I am still having a lot of dysphoria around how dark and thick my hair follicles are on my face. And how my face constantly has red bumps, whiteheads, and cuts from shaving. So I reached out to a trans electrolysis esthetician about starting the process of permanent hair removal on my face. I can’t really afford it but I also can’t afford to live with this level of dysphoria either so I’ll have to find a way. It takes so long that I know I should start now.

Today I’m also having dysphoria around my double chin. I’ve tried to ignore it as I’ve continued to put on more weight over the last 10 years but it’s a lot more obvious without the beard. My jaw surgeon said that setting my chin back may make that part worse but he will do his best to reduce it. I may need a chin tuck at some point though.

Sometimes I regret shaving but I think realistically the only way through is forward.

Beard update pt 2

So the bad news is that my facial hair grows back a lot more slowly now and the stubble gives me so much dysphoria that I’m not sure it’s worth it. The good news is my hair grows so slowly now that I think I can get away with shaving every other day.

Beard update

Things I’ve realized so far:
1. I hate shaving
2. My skin hates shaving
 
3. I really liked my beard. It was dramatic and beautiful and served a role rather similar to makeup for me in giving shape to parts of my face that I wanted definition on. It was gloriously dense and curly which also means that underneath the hair follicles are really thick and visible without it.
 
4. I feel like the biggest reasons I shaved was about other people, not because I wanted to. I was curious to see if my face had changed underneath and if I could get used to it, and in that regard it was a successful experiment. But mostly it was because I feel like having the beard makes a lot of people jump to very gendered expectations of me and they are less likely to see me as trans even if I’m wearing a dress. And I am really tired of living in such a gendered world and in a society that bars me from many activities if I don’t look like I’m trying hard enough to be a woman (even in supposedly trans inclusive spaces).
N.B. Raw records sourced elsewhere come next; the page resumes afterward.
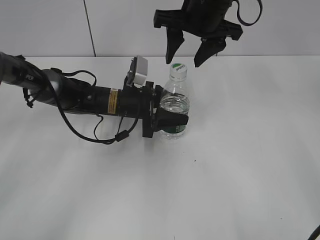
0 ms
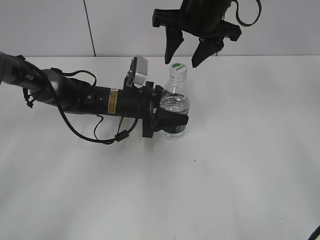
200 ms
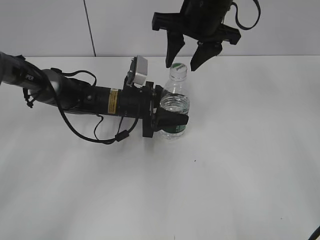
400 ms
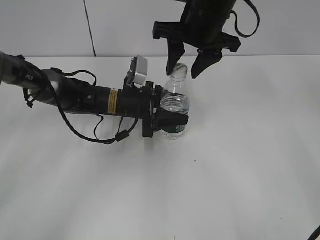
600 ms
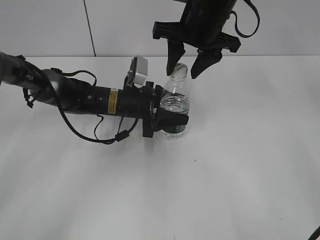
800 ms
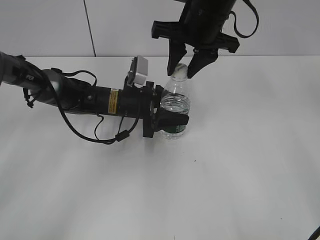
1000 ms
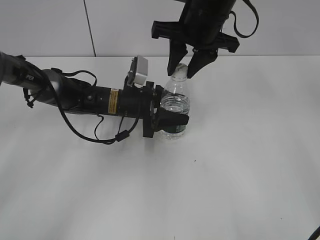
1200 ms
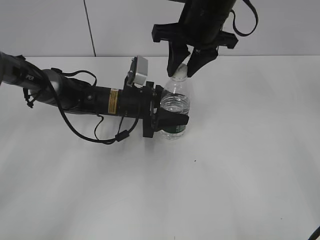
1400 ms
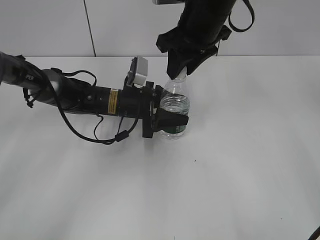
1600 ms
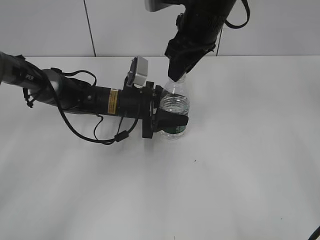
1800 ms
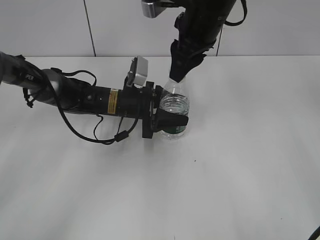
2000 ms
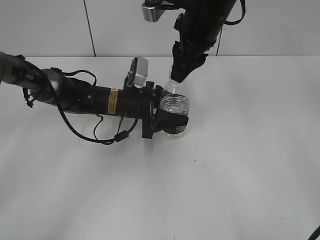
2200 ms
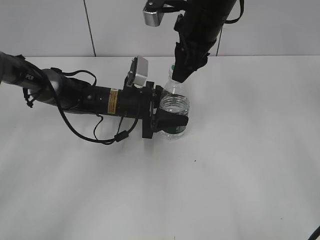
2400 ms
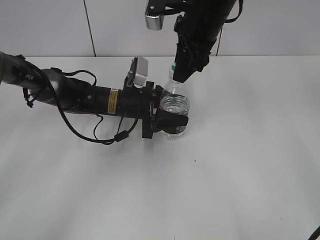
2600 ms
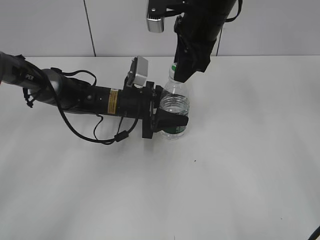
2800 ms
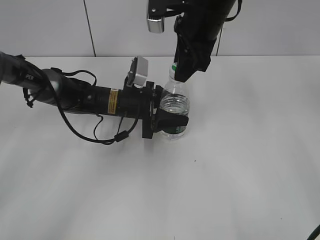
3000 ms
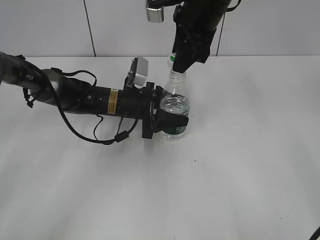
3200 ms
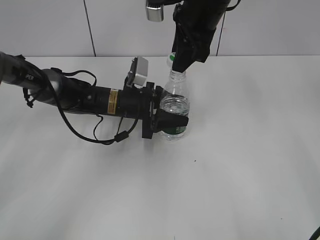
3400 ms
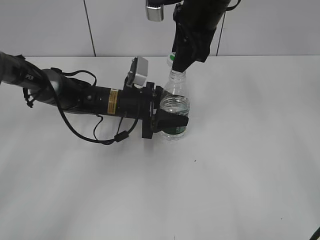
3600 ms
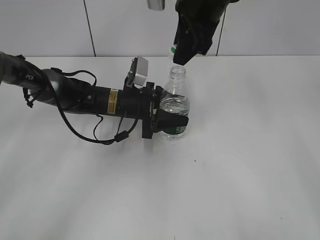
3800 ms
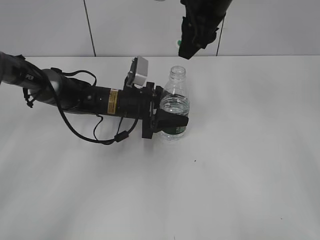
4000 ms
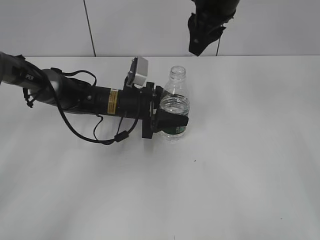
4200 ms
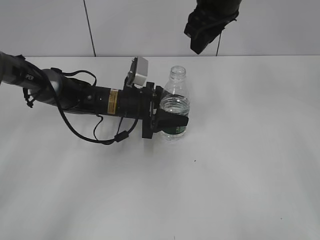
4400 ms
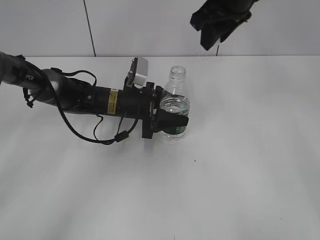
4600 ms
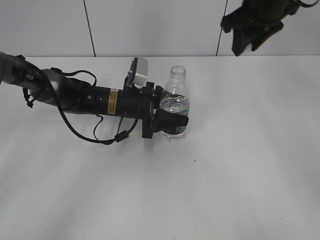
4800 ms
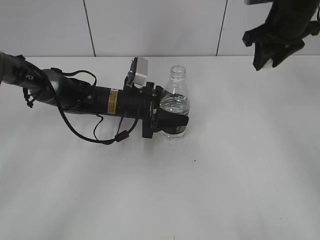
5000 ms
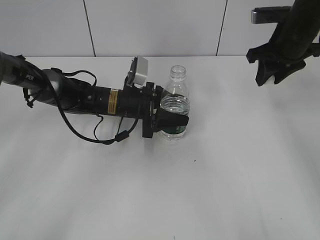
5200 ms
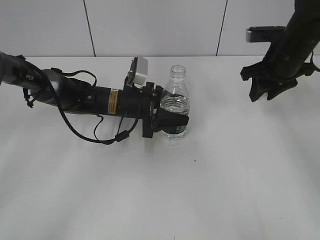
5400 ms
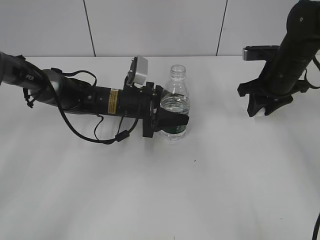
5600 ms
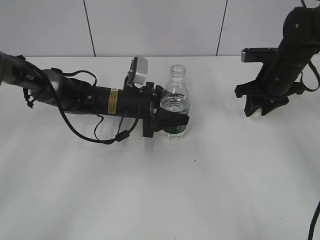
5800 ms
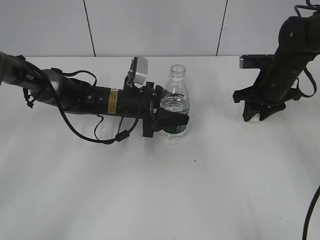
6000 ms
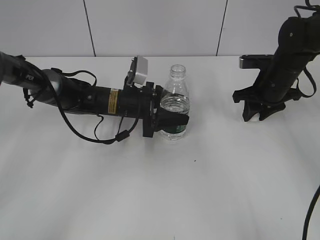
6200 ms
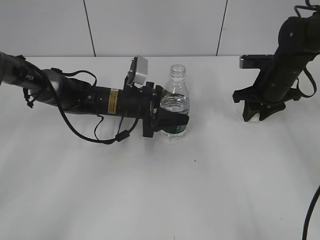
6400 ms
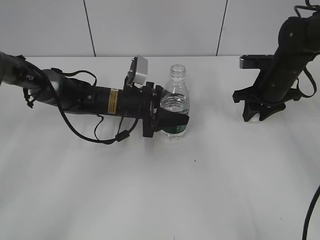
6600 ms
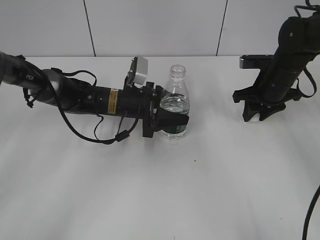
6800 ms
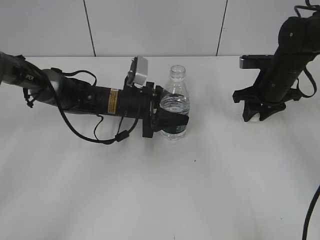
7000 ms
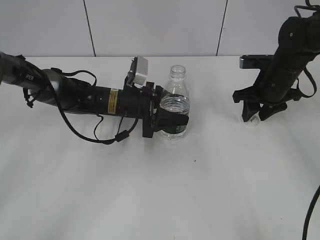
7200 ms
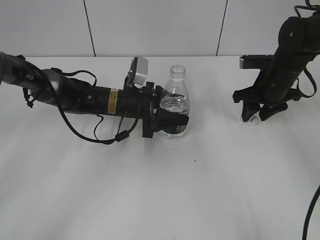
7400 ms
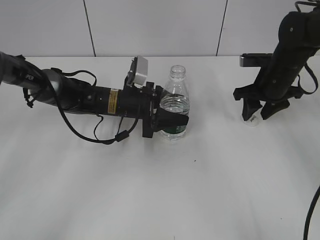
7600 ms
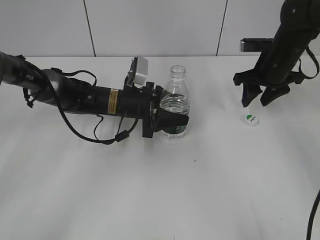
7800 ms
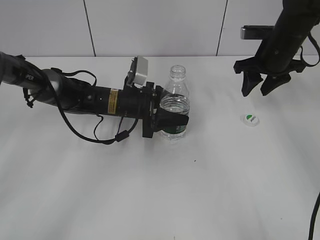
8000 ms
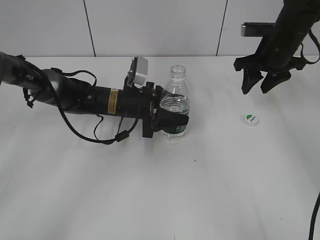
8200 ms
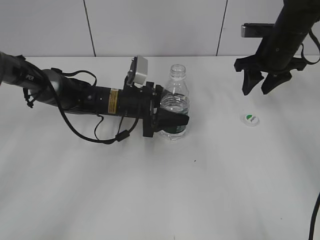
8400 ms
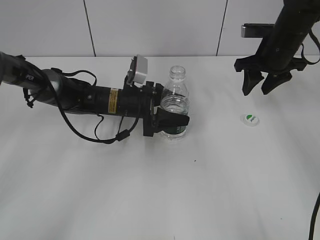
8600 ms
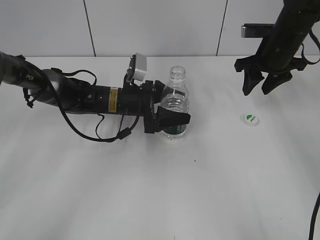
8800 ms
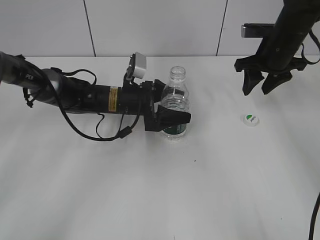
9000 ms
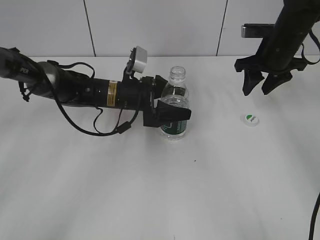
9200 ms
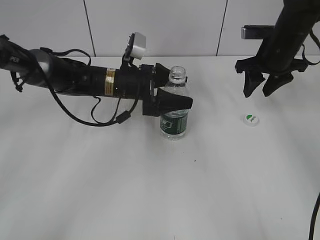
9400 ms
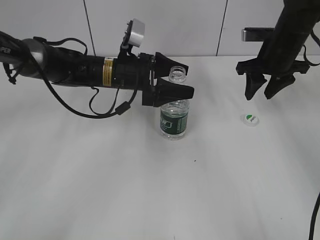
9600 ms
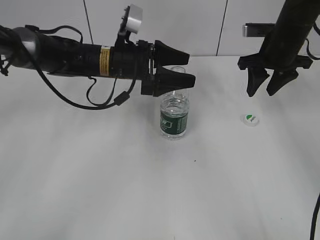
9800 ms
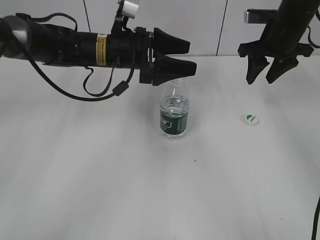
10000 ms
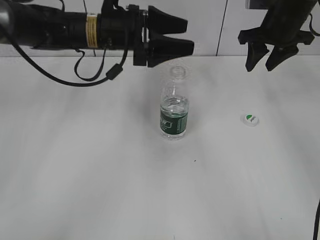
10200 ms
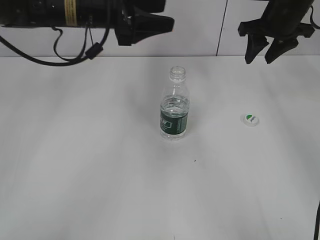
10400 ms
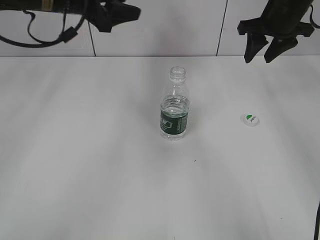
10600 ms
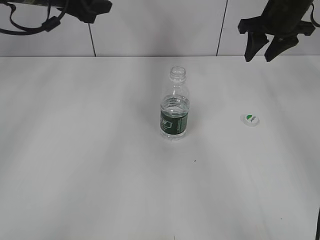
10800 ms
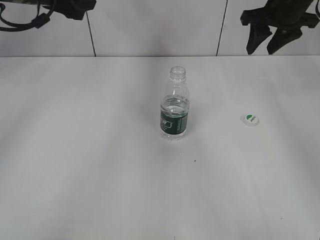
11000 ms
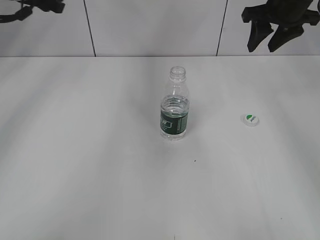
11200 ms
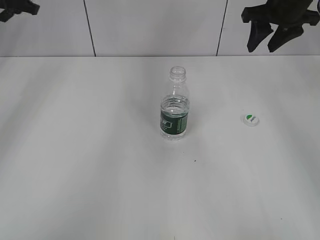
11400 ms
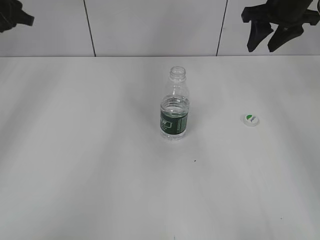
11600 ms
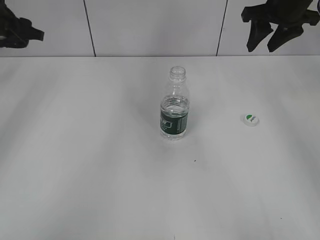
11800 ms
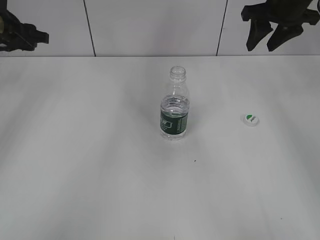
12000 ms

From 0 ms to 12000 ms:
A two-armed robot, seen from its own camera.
Step, from 0 ms to 4000 ms: Unscrew the bottle cap with the right gripper while holding the bottle with the left gripper.
Step, from 4400 ms to 7800 ms: Place the bottle cap on the table with the right gripper.
Step, from 8000 ms to 9800 ms: Place the bottle on the table with the left gripper.
From 0 ms to 1600 ms: The right gripper closes up.
From 4400 ms to 6000 ms: The right gripper travels downward and to the right by about 25 cm.
From 6000 ms to 7600 ms: The right gripper opens.
From 7600 ms to 9000 ms: The right gripper goes about 5 cm upward. Meanwhile the left gripper opens its fingers.
From 9000 ms to 10400 ms: The right gripper is displaced upward by about 5 cm. The left gripper moves upward, some 20 cm.
From 10400 ms to 12000 ms: The left gripper shifts approximately 20 cm to the left.

But the solution isn’t necessarily for me to try to conform to that image but to keep trying to do what I want and fits with my own experience and dysphoria. And to continue trying to learn to ignore other people’s opinions and prejudices.
 
5. Seeing the dark shadow on my lower face and feeling the scratchy texture of my skin gives me far more dysphoria than having the beard. If I do want to get rid of it, I will likely have to wait until I can afford laser hair removal.
 
I think I’m going to start growing it back which shouldn’t take long with my face. Though perhaps longer now that I’m on estrogen than before.
 
Thank you to everyone who was so affirming of my little experiment and gave me so many lovely compliments and shaving advice.

Beard update – day 3

It’s been 3 days since I shaved and I’m still not sure how I feel about being beardless. I am getting used to seeing my face and my chin is causing less dysphoria than I expected. But seeing the 5 o’clock shadow from my thick, dense hair follicles that never seems to go away is causing a lot of dysphoria that I never felt with an intentional beard. And it’s aggravated by the fact that no matter what I do, my face is still getting red bumps and reacting poorly to shaving.

Unless I can figure out some technique that simultaneously gets me a smoother face with less irritation soon, I think I’ll just go back to the beard at least until I can afford laser therapy for my face.